[Activity]: Please show each line of the listing where "degrees" is present.

[Supplied material]:
━━━

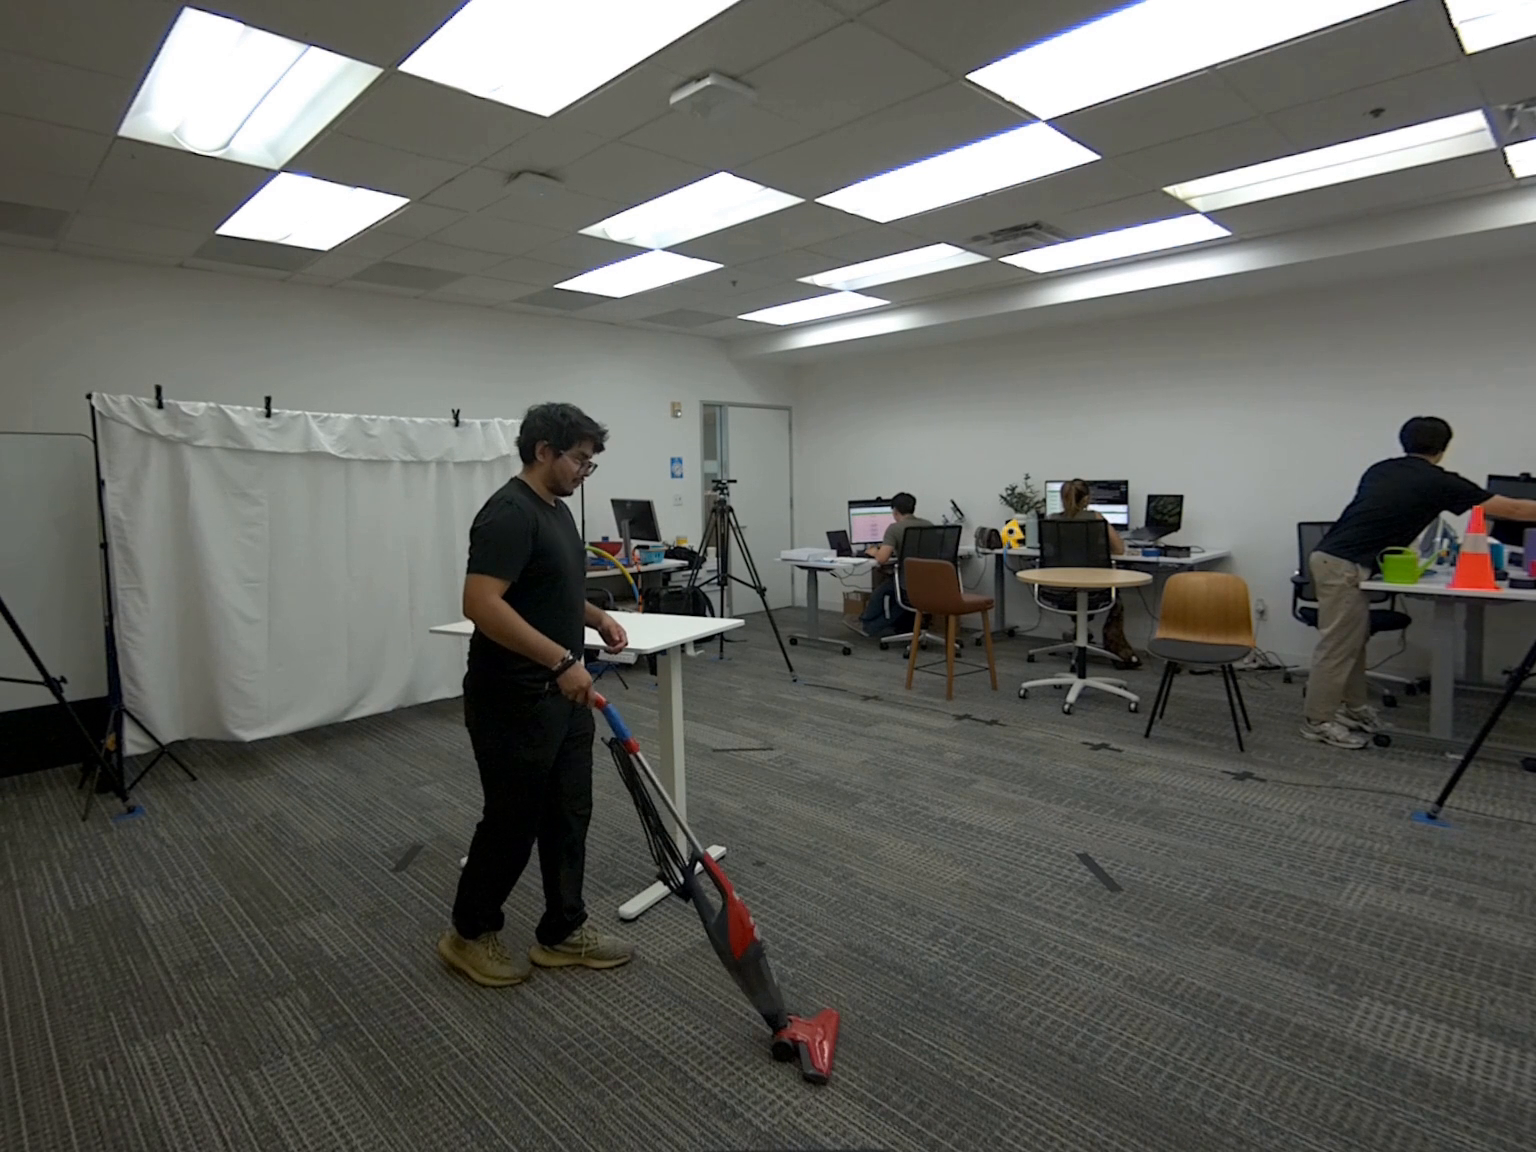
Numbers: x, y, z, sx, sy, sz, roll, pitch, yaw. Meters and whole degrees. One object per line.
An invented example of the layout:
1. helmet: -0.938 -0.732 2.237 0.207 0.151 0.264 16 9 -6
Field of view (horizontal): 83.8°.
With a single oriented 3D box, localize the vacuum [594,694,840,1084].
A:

━━━

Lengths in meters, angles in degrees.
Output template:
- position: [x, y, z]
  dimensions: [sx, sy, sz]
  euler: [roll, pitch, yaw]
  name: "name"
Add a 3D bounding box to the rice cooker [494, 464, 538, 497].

━━━

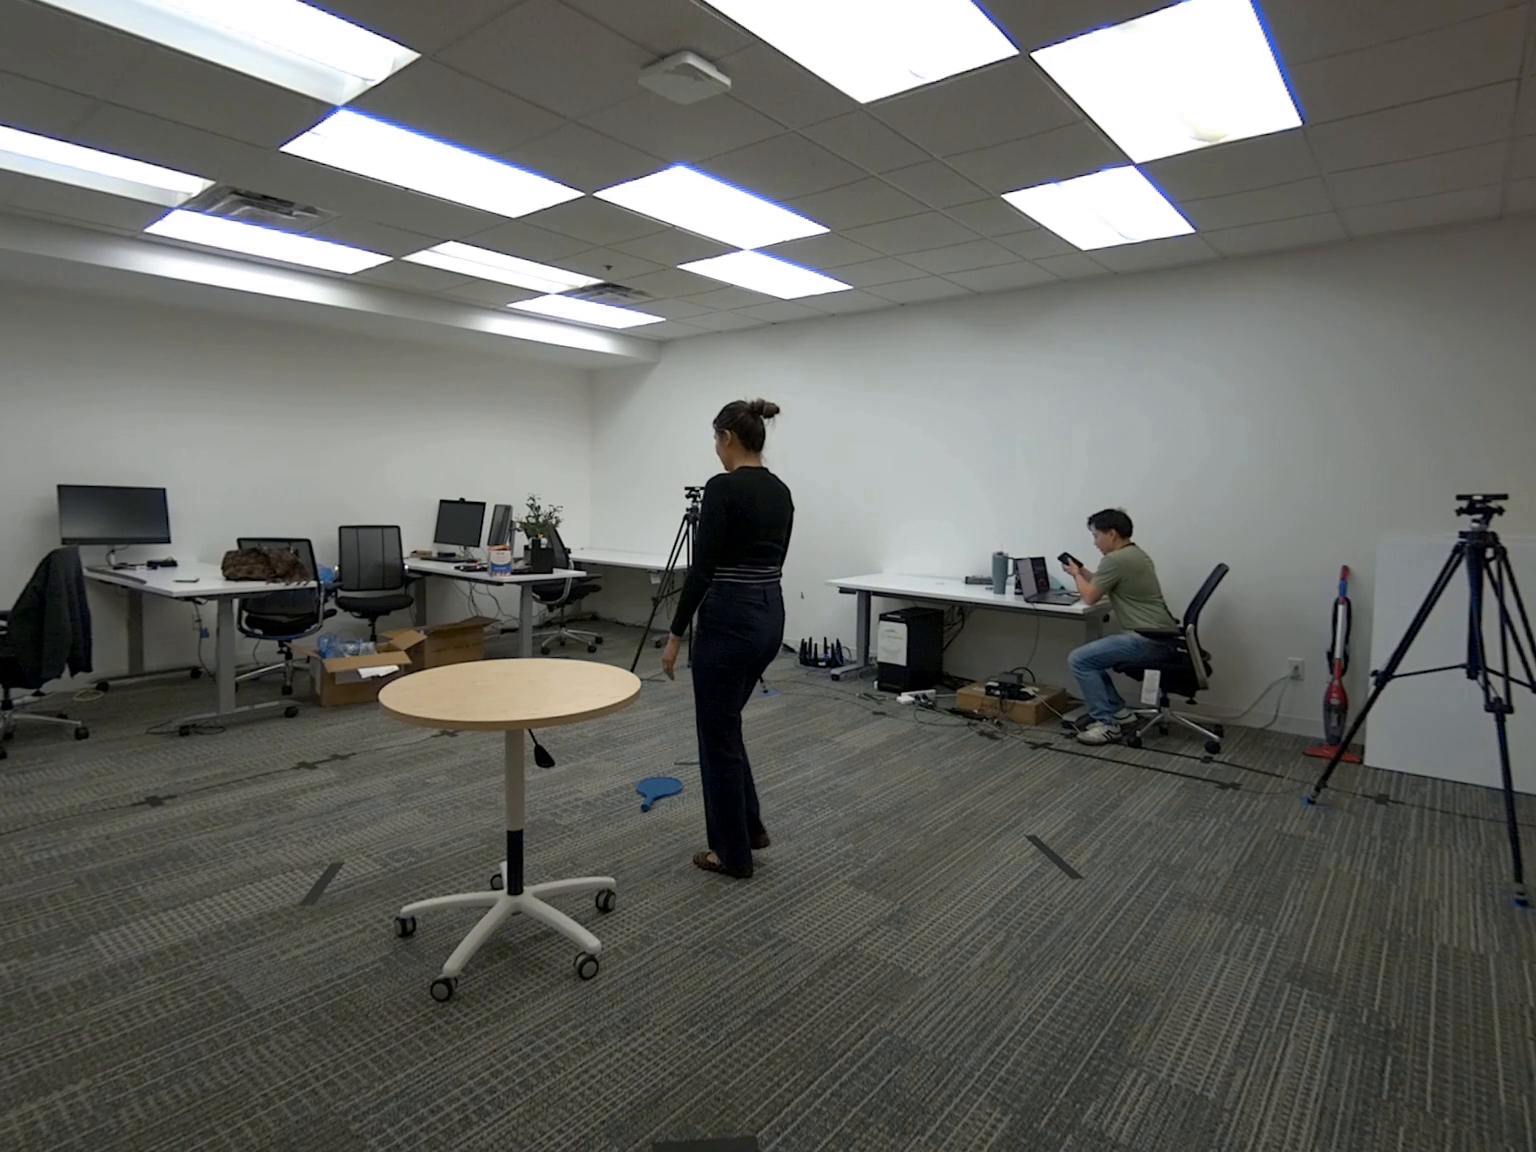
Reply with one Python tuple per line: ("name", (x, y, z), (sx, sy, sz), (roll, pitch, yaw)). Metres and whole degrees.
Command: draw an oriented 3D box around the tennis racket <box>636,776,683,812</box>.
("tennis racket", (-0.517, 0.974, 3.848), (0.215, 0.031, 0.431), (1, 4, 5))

━━━

[Exercise result]:
Numbers: x, y, z, sx, sy, sz, roll, pitch, yaw. Meters and whole degrees. One object per line.
Lengths in meters, angles in degrees.
Reply with one Python tuple per line: ("name", (x, y, z), (sx, sy, sz), (roll, pitch, yaw)). Metres and whole degrees.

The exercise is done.